▸ TASK MATERIAL:

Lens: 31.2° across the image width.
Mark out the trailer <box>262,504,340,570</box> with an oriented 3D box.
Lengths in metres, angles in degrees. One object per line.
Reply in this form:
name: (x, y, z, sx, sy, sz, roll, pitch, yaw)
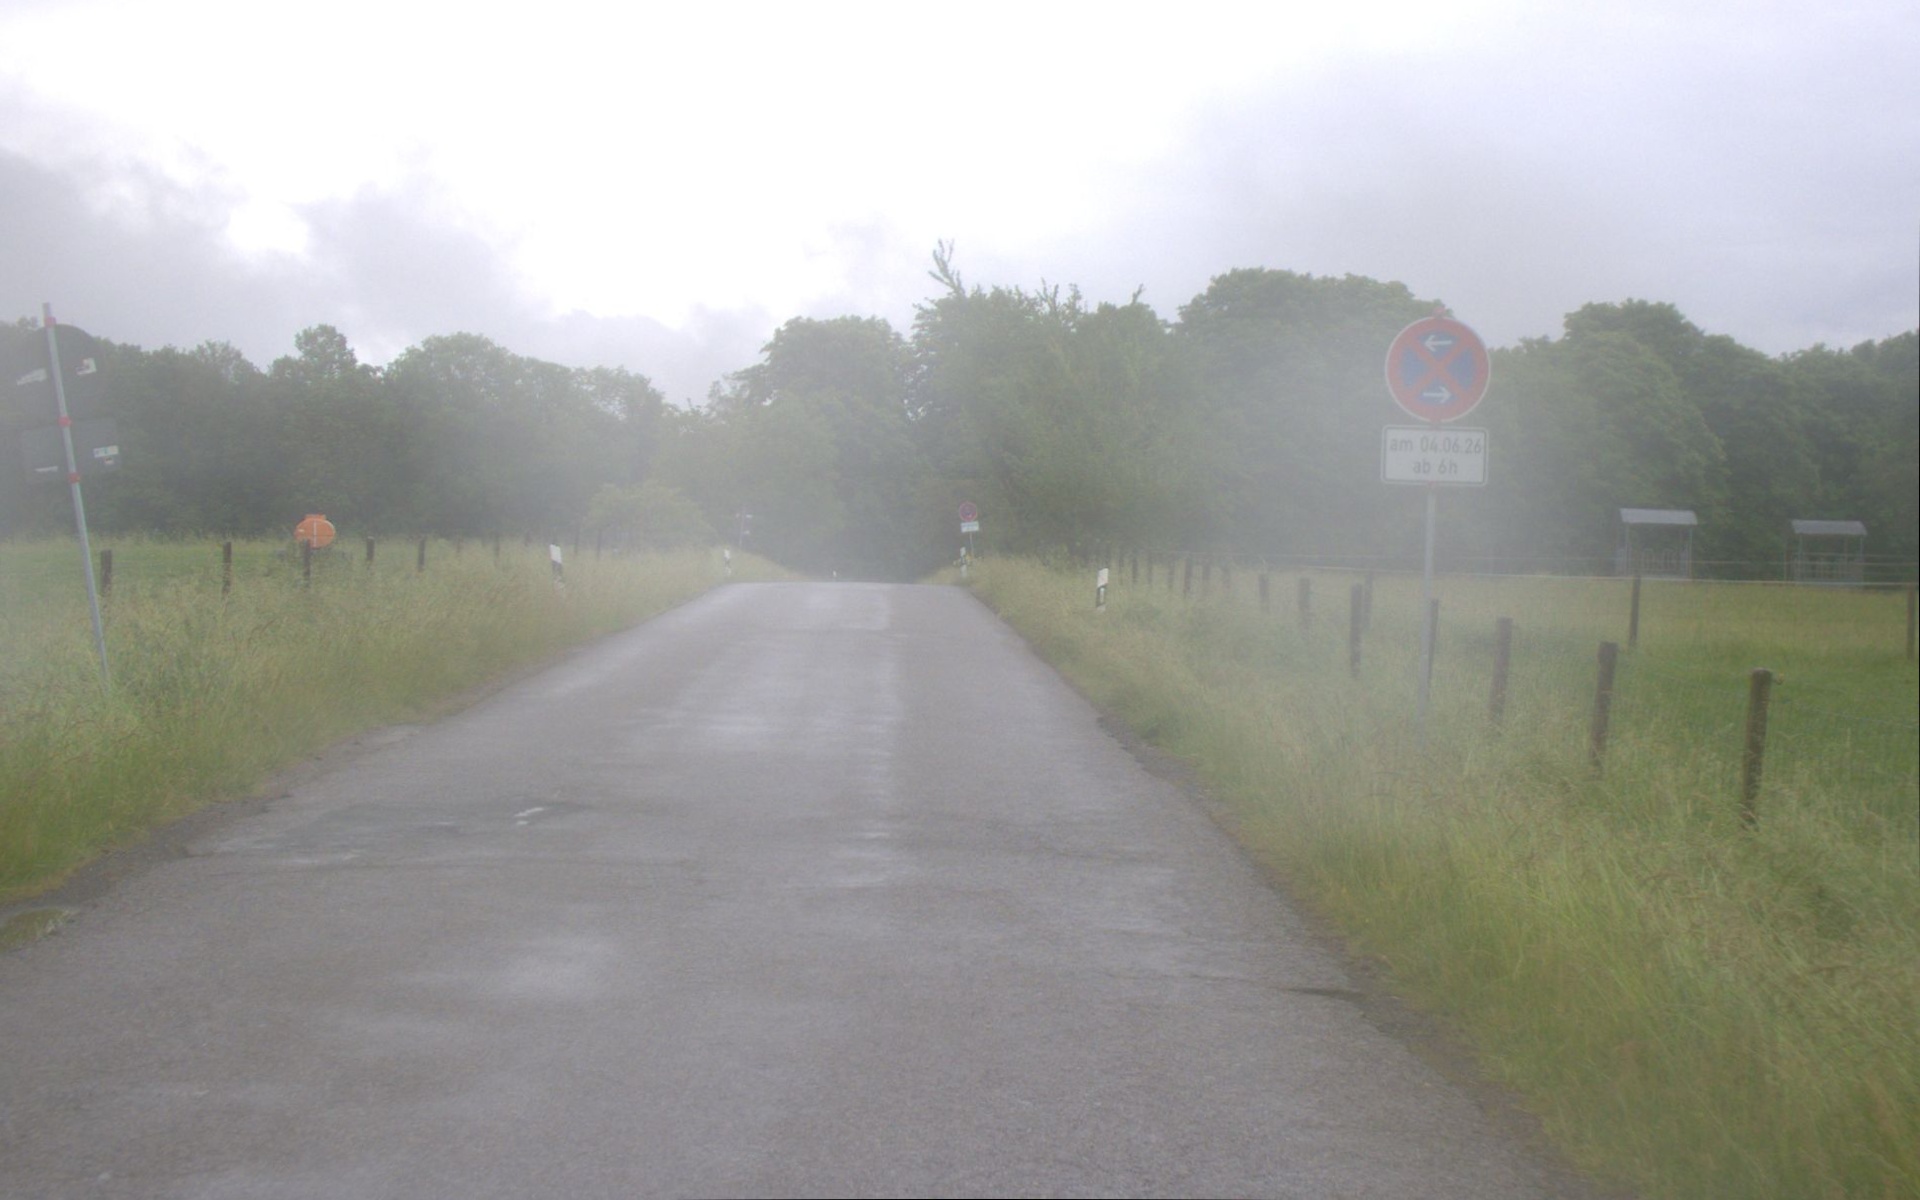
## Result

▸ PROBLEM TO SOLVE:
Return exactly the lines starting at the line with "Reply in this" and ending at the last line of the listing, both ends included; pictures are to be left out.

▸ YOUR RESPONSE:
Reply in this form:
name: (x, y, z, sx, sy, sz, roll, pitch, yaw)
## Result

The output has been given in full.